▸ **Work order**
Retype the entries exactly, keeping every line intact.

▸ **Given records**
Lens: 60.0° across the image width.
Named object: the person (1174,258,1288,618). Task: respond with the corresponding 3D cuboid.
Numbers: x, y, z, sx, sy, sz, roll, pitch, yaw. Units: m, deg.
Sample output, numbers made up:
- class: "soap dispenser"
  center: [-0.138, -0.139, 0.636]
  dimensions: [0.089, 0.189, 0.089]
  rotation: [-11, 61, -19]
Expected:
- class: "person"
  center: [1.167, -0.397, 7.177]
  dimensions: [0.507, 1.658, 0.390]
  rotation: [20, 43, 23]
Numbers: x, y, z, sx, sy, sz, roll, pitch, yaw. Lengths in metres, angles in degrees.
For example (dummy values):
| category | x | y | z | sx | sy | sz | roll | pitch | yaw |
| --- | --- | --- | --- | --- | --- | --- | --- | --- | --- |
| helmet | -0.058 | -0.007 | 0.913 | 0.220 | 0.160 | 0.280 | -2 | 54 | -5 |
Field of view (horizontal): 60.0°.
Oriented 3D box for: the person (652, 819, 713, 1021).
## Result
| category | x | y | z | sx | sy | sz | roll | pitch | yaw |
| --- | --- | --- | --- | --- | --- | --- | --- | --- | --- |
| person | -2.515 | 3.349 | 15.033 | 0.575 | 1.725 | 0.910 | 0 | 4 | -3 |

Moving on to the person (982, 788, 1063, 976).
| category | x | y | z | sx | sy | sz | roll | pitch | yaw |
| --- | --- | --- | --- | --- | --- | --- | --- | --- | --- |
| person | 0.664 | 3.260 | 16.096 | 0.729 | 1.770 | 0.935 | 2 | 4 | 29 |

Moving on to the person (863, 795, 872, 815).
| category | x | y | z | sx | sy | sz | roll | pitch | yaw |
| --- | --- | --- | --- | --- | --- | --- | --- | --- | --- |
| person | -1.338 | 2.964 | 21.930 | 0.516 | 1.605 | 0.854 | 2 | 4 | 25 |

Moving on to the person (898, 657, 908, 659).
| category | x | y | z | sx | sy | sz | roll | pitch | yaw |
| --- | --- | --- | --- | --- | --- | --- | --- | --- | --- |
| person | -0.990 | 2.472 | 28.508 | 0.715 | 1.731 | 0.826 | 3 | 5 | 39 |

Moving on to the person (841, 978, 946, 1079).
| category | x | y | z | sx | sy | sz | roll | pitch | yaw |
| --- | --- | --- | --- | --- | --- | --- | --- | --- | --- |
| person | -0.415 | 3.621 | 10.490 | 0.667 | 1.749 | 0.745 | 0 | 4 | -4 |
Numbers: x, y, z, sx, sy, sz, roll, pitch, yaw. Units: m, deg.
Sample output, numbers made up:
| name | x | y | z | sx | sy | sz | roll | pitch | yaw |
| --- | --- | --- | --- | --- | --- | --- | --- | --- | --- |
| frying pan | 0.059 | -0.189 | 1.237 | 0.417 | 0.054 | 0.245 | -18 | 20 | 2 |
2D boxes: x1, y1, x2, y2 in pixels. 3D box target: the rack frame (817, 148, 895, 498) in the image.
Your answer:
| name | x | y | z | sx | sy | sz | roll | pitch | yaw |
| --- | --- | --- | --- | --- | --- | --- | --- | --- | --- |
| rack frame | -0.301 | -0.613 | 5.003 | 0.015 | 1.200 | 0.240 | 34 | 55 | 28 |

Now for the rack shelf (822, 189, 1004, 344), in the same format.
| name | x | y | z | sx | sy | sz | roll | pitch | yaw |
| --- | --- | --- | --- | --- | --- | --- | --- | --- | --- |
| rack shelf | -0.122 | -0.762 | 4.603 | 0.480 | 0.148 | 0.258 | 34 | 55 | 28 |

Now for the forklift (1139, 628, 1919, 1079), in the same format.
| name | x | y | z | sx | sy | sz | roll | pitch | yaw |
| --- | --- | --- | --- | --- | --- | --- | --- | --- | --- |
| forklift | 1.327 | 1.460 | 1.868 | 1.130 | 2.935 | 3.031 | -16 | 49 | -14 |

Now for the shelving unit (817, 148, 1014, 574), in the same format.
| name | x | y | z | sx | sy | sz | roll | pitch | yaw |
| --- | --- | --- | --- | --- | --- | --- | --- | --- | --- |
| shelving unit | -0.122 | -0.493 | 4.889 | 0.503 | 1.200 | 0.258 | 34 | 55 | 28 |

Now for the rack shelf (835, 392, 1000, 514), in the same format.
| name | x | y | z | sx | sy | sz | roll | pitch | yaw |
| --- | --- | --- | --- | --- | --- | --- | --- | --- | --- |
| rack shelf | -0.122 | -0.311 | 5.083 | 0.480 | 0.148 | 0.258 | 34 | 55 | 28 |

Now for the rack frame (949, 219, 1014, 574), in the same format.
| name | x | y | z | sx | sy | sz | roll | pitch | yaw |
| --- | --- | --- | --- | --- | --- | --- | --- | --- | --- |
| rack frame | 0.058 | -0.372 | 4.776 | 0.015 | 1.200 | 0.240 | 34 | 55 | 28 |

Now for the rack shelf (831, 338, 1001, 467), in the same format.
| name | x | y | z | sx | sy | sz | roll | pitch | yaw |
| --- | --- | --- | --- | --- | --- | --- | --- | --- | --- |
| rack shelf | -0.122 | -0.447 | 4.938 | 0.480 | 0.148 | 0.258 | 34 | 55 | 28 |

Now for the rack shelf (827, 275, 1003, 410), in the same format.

▸ **Answer below**
Lens: 60.0° across the image width.
Named object: the person (1174,258,1288,618). Task: respond with the corresponding 3D cuboid.
Numbers: x, y, z, sx, sy, sz, roll, pitch, yaw. Units: m, deg.
Sample output, numbers made up:
- class: "soap dispenser"
  center: [-0.138, -0.139, 0.636]
  dimensions: [0.089, 0.189, 0.089]
  rotation: [-11, 61, -19]
Expected:
- class: "person"
  center: [1.167, -0.397, 7.177]
  dimensions: [0.507, 1.658, 0.390]
  rotation: [20, 43, 23]
Numbers: x, y, z, sx, sy, sz, roll, pitch, yaw. Lengths in metres, angles in degrees.
For example (dummy values):
| category | x | y | z | sx | sy | sz | roll | pitch | yaw |
| --- | --- | --- | --- | --- | --- | --- | --- | --- | --- |
| helmet | -0.058 | -0.007 | 0.913 | 0.220 | 0.160 | 0.280 | -2 | 54 | -5 |
Field of view (horizontal): 60.0°.
Oriented 3D box for: the person (652, 819, 713, 1021).
## Result
| category | x | y | z | sx | sy | sz | roll | pitch | yaw |
| --- | --- | --- | --- | --- | --- | --- | --- | --- | --- |
| person | -2.515 | 3.349 | 15.033 | 0.575 | 1.725 | 0.910 | 0 | 4 | -3 |

Moving on to the person (982, 788, 1063, 976).
| category | x | y | z | sx | sy | sz | roll | pitch | yaw |
| --- | --- | --- | --- | --- | --- | --- | --- | --- | --- |
| person | 0.664 | 3.260 | 16.096 | 0.729 | 1.770 | 0.935 | 2 | 4 | 29 |

Moving on to the person (863, 795, 872, 815).
| category | x | y | z | sx | sy | sz | roll | pitch | yaw |
| --- | --- | --- | --- | --- | --- | --- | --- | --- | --- |
| person | -1.338 | 2.964 | 21.930 | 0.516 | 1.605 | 0.854 | 2 | 4 | 25 |

Moving on to the person (898, 657, 908, 659).
| category | x | y | z | sx | sy | sz | roll | pitch | yaw |
| --- | --- | --- | --- | --- | --- | --- | --- | --- | --- |
| person | -0.990 | 2.472 | 28.508 | 0.715 | 1.731 | 0.826 | 3 | 5 | 39 |

Moving on to the person (841, 978, 946, 1079).
| category | x | y | z | sx | sy | sz | roll | pitch | yaw |
| --- | --- | --- | --- | --- | --- | --- | --- | --- | --- |
| person | -0.415 | 3.621 | 10.490 | 0.667 | 1.749 | 0.745 | 0 | 4 | -4 |
Numbers: x, y, z, sx, sy, sz, roll, pitch, yaw. Units: m, deg.
Sample output, numbers made up:
| name | x | y | z | sx | sy | sz | roll | pitch | yaw |
| --- | --- | --- | --- | --- | --- | --- | --- | --- | --- |
| frying pan | 0.059 | -0.189 | 1.237 | 0.417 | 0.054 | 0.245 | -18 | 20 | 2 |
2D boxes: x1, y1, x2, y2 in pixels. 3D box target: the rack frame (817, 148, 895, 498) in the image.
Your answer:
| name | x | y | z | sx | sy | sz | roll | pitch | yaw |
| --- | --- | --- | --- | --- | --- | --- | --- | --- | --- |
| rack frame | -0.301 | -0.613 | 5.003 | 0.015 | 1.200 | 0.240 | 34 | 55 | 28 |

Now for the rack shelf (822, 189, 1004, 344), in the same format.
| name | x | y | z | sx | sy | sz | roll | pitch | yaw |
| --- | --- | --- | --- | --- | --- | --- | --- | --- | --- |
| rack shelf | -0.122 | -0.762 | 4.603 | 0.480 | 0.148 | 0.258 | 34 | 55 | 28 |

Now for the forklift (1139, 628, 1919, 1079), in the same format.
| name | x | y | z | sx | sy | sz | roll | pitch | yaw |
| --- | --- | --- | --- | --- | --- | --- | --- | --- | --- |
| forklift | 1.327 | 1.460 | 1.868 | 1.130 | 2.935 | 3.031 | -16 | 49 | -14 |

Now for the shelving unit (817, 148, 1014, 574), in the same format.
| name | x | y | z | sx | sy | sz | roll | pitch | yaw |
| --- | --- | --- | --- | --- | --- | --- | --- | --- | --- |
| shelving unit | -0.122 | -0.493 | 4.889 | 0.503 | 1.200 | 0.258 | 34 | 55 | 28 |

Now for the rack shelf (835, 392, 1000, 514), in the same format.
| name | x | y | z | sx | sy | sz | roll | pitch | yaw |
| --- | --- | --- | --- | --- | --- | --- | --- | --- | --- |
| rack shelf | -0.122 | -0.311 | 5.083 | 0.480 | 0.148 | 0.258 | 34 | 55 | 28 |

Now for the rack frame (949, 219, 1014, 574), in the same format.
| name | x | y | z | sx | sy | sz | roll | pitch | yaw |
| --- | --- | --- | --- | --- | --- | --- | --- | --- | --- |
| rack frame | 0.058 | -0.372 | 4.776 | 0.015 | 1.200 | 0.240 | 34 | 55 | 28 |

Now for the rack shelf (831, 338, 1001, 467), in the same format.
| name | x | y | z | sx | sy | sz | roll | pitch | yaw |
| --- | --- | --- | --- | --- | --- | --- | --- | --- | --- |
| rack shelf | -0.122 | -0.447 | 4.938 | 0.480 | 0.148 | 0.258 | 34 | 55 | 28 |

Now for the rack shelf (827, 275, 1003, 410), in the same format.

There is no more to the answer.